Klarinet Archive - Posting 000156.txt from 2007/02

From: Audrey Travis <clr91nt@-----.ca>
Subj: Re: [kl] Band Directors-Help needed
Date: Tue, 20 Feb 2007 22:58:54 -0500

Dear Deborah

Trust me - what your district wants you to do is a tried and true
recipe for disaster and for complete and total burnout for you. You
will be much more than simply "stretched to the limit". As a former
itinerant band teacher (in 6 schools), I occasionally was forced to
have 60 or more students, all beginners on mixed instruments in a 40
minute class held twice a week. Kids came from several different
classes so always arrived at slightly different times. At least half
of each period was spent getting chairs/stands set up/put away, then
trying (but never succeeding in getting around to each child or even
all kids playing the same horn to show them how to put instruments
together correctly, etc., let alone teaching them how to play. Very
often, we had something like 15-20 minutes of actual instruction time -
for 60+ students! Extremely frustrating for the kids, some of whom
taught themselves while others were all thumbs and *everyone* wanting
to try out their new instruments at the same time Even though I was a
good disciplinarian (though not an ogre), there was complete chaos
sometimes, the kids who were ahead of the others quit out of
frustration, administrators didn't understand what actually happened in
a class, and parents were very upset.

You might start by insisting administrators (at the School Board level
come into a homogeneous beginners class and see what really goes on (as
I've described above).

And if parents are buying or renting expensive instruments, they need
to make a big stink about the horrible quality of, or lack or
instruction their child will receive, possibly leading to failure,
dropping out and several hundred dollars being thrown down the drain.
You *must* get a very strong parent group organized to lay it on the
line for your school board that this is completely unacceptable.
School boards really listen to parents and so do school trustees (if
you have them and if they're elected). The parent group must be seen
as being completely independent of you (you're considered to be biased)
so you can't be seen to be involved in its organization.
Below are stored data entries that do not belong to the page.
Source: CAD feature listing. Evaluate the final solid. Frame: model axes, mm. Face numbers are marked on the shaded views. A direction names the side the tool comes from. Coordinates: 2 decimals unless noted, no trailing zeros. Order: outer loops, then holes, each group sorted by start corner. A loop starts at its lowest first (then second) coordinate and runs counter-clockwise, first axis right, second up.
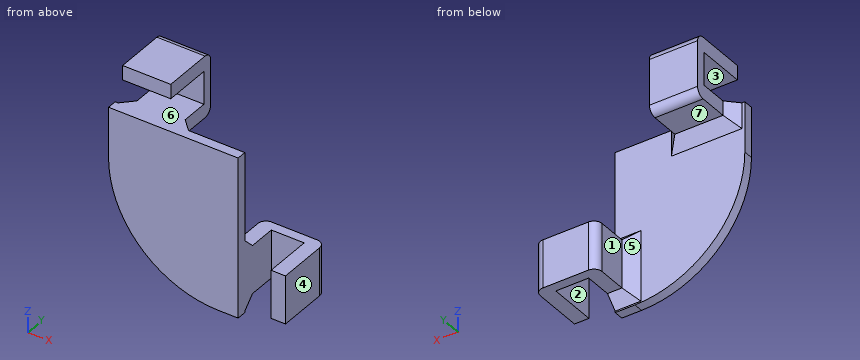
```python
from build123d import *

# Parameters (mm, degrees)
SKETCH1_W           = 30
SKETCH1_H           = 9
SKETCH1_W_2         = 9
SKETCH1_H_2         = 30
BOSS_EXTRUDE1_DEPTH = 6
BOSS_EXTRUDE2_START = 6
SKETCH1_3_W         = 30
SKETCH1_3_H         = 9
SKETCH1_3_W_2       = 9
SKETCH1_3_H_2       = 30
BOSS_EXTRUDE2_DEPTH = 24
BOSS_EXTRUDE3_START = 30
SKETCH1_4_W         = 30
SKETCH1_4_H         = 9
SKETCH1_4_H_2       = 20.5
SKETCH1_4_W_2       = 9
SKETCH1_4_H_3       = 30
SKETCH1_4_W_3       = 20.5
BOSS_EXTRUDE3_DEPTH = 6
BOSS_EXTRUDE4_START = 30
SKETCH1_5_W         = 30
SKETCH1_5_H         = 9
SKETCH1_5_W_2       = 9
SKETCH1_5_H_2       = 30
BOSS_EXTRUDE4_DEPTH = 30
CHAMFER1_SIZE       = 7
FILLET1_R           = 5


with BuildPart() as part:
    # Sketch1 → Boss-Extrude1 (new body)
    with BuildSketch(Plane(origin=(0, 0, 0), x_dir=(1, 0, 0), z_dir=(0, 1, 0))):
        with Locations((-57, 4.5)):
            Rectangle(SKETCH1_W, SKETCH1_H)
        with Locations((-4.5, 77)):
            Rectangle(SKETCH1_W_2, SKETCH1_H_2)
        with BuildLine():
            Line((0, 99.896112213), (-12.24628833, 99.896112213))
            ThreePointArc((-12.24628833, 99.896112213), (-60.703064532, 79.824658322), (-80.774518424, 31.36788212))
            Line((-80.774518424, 31.36788212), (-80.774518424, 0))
            Line((-80.774518424, 0), (-72, 0))
            Line((-72, 0), (-72, 9))
            Line((-72, 9), (-42, 9))
            Line((-42, 9), (-42, 0))
            Line((-42, 0), (0, 0))
            Line((0, 0), (0, 62))
            Line((0, 62), (-9, 62))
            Line((-9, 62), (-9, 92))
            Line((-9, 92), (0, 92))
            Line((0, 92), (0, 99.896112213))
        make_face()
    extrude(amount=BOSS_EXTRUDE1_DEPTH)

    # Sketch1<3> → Boss-Extrude2 (add)
    with BuildSketch(Plane(origin=(0, 0, 0), x_dir=(1, 0, 0), z_dir=(0, 1, 0)).offset(BOSS_EXTRUDE2_START)):
        with Locations((-57, 4.5)):
            Rectangle(SKETCH1_3_W, SKETCH1_3_H)
        with Locations((-4.5, 77)):
            Rectangle(SKETCH1_3_W_2, SKETCH1_3_H_2)
    extrude(amount=BOSS_EXTRUDE2_DEPTH)

    # Sketch1<4> → Boss-Extrude3 (add)
    with BuildSketch(Plane(origin=(0, 0, 0), x_dir=(1, 0, 0), z_dir=(0, 1, 0)).offset(BOSS_EXTRUDE3_START)):
        with Locations((-57, 4.5)):
            Rectangle(SKETCH1_4_W, SKETCH1_4_H)
        with Locations((-57, -10.25)):
            Rectangle(SKETCH1_4_W, SKETCH1_4_H_2)
        with Locations((-57, -25)):
            Rectangle(SKETCH1_4_W, SKETCH1_4_H)
        with Locations((-4.5, 77)):
            Rectangle(SKETCH1_4_W_2, SKETCH1_4_H_3)
        with Locations((10.25, 77)):
            Rectangle(SKETCH1_4_W_3, SKETCH1_4_H_3)
        with Locations((25, 77)):
            Rectangle(SKETCH1_4_W_2, SKETCH1_4_H_3)
    extrude(amount=BOSS_EXTRUDE3_DEPTH)

    # Sketch1<5> → Boss-Extrude4 (add)
    with BuildSketch(Plane(origin=(0, 0, 0), x_dir=(1, 0, 0), z_dir=(0, 1, 0)).offset(BOSS_EXTRUDE4_START)):
        with Locations((-57, -25)):
            Rectangle(SKETCH1_5_W, SKETCH1_5_H)
        with Locations((25, 77)):
            Rectangle(SKETCH1_5_W_2, SKETCH1_5_H_2)
    extrude(amount=-BOSS_EXTRUDE4_DEPTH)

    # Chamfer1
    chamfer1_edges = [part.edges().sort_by_distance(p)[0] for p in [
        (-42, 6, -4.5),
        (-72, 6, -4.5),
        (-57, 6, -9),
        (-4.5, 6, -92),
        (-4.5, 6, -62),
        (-9, 6, -77),
    ]]
    chamfer(chamfer1_edges, length=CHAMFER1_SIZE)

    # Fillet1
    fillet1_edges = [part.edges().sort_by_distance(p)[0] for p in [
        (-57, 36, -9),
        (-57, 36, 29.5),
        (29.5, 36, -77),
        (-9, 36, -77),
    ]]
    fillet(fillet1_edges, radius=FILLET1_R)


solid = part.part
```
1. Section query B-B on y = 19.5. Return loops of the section in (x, z), plus the area to 3 significant figures.
Findings:
outline: (-72, -9) - (-42, -9) - (-42, 0) - (-72, 0) - close; (-72, 20.5) - (-42, 20.5) - (-42, 29.5) - (-72, 29.5) - close; (-9, -92) - (0, -92) - (0, -62) - (-9, -62) - close; (20.5, -92) - (29.5, -92) - (29.5, -62) - (20.5, -62) - close
area: 1,080 mm2
2. Ray query, line 1 (X direction, y = 28.5, z = -80); line 2 (X direction, y = 34, z = 1.5). Return the intervals inside material, ascending.
Findings:
line 1: x = -9 to 0, 20.5 to 29.5
line 2: x = -72 to -42
3. Section query C-C on z = -10.5. Return loops of the section in (x, y).
Findings:
outline: (-80.77, 0) - (0, 0) - (0, 6) - (-35, 6) - (-40.5, 11.5) - (-73.5, 11.5) - (-79, 6) - (-80.77, 6) - close
4. Draft query along Z for the marked faces 5, 6 and 7. Return one class per face: released by +Z, released by -Z, zero draft, split by the parting line, or undercut.
Findings:
face 5: zero draft
face 6: undercut
face 7: released by -Z
5. Pin query (flat end, axial travel): P1, Ø14.5, axis at y = 23.5, z = -70, coming from the -X side; P2, Ø1.5, axis at y = 9.5, z = -63, coming from the -X side; P3, Ø10, axis at x = -22.5, z = -8, coming from the -Y side; P4, Ø18, axis at y = 17, z = 16, coming from the -X side. Return the tip coordinate at first contact, or that it passes through.
Findings:
P1: stops at x = -9
P2: stops at x = -13.25
P3: stops at y = 0
P4: stops at x = -72
6. Section query A-A on y = 4.5. Return loops of the section in (x, z).
Findings:
outline: (-80.77, -31.37) arc R68.53 ccw to (-12.25, -99.9) - (0, -99.9) - (0, 0) - (-80.77, 0) - close; (-72, 20.5) - (-42, 20.5) - (-42, 29.5) - (-72, 29.5) - close; (20.5, -92) - (29.5, -92) - (29.5, -62) - (20.5, -62) - close
7. Access query for the marked faces 1, 2, 3 and 4. Directions: +Z, -Z, +X, -X, +Y, -Y. A direction counts if a zero-diameter tool reaches every point of the face in a straight line with its end or side. Return the directions, or none.
Findings:
face 1: +Z, -Z, -X, +Y
face 2: +Z, -Z, -Y
face 3: +X, -X, -Y
face 4: +Z, -Z, +X, +Y, -Y
8. Section query D-D on x = -66. Return loops of the section in (y, z).
Findings:
outline: (0, -73.87) - (6, -73.87) - (6, -16) - (13, -9) - (31, -9) arc R5 ccw to (36, -4) - (36, 24.5) arc R5 ccw to (31, 29.5) - (0, 29.5) - (0, 20.5) - (30, 20.5) - (30, 0) - (0, 0) - close

Find one or
two really supportive parents, speak to them privately and get them to
organize a group that will attend board meeting leading up to when the
budget is decided and making sure the band voice is heard. They
should also write or contact trustees if you have them. Talk to music
coalition support groups (perhaps MENC) about what else can be done to
reverse that horrible scenario.

Fight!

Very best of luck!!

Audrey

On 20-Feb-07, at 7:23 PM, Bob and Deborah Shaw wrote:
>
> Our district wants us to do away with 6th grade band, teach
> exploratory and
> not start beginners until 7th grade. At that time they want me to put
> 150+
> beginners in the same room, mixed instruments, to begin their musical
> career. Nothing could be worse than this change. Our band directors,
> choir directors, orchestra directors, teachers and parents are against
> this.
> Our opinion does not count. Money and numbers are the issue.
>
> The way I see it, I will be stretched to the limit and my students
> will not
> be getting the quality education that I have worked so hard to provide
> for
> them. It really stinks! We are going backwards for the sake of this
> blasted middle school concept and the dollars that will be saved.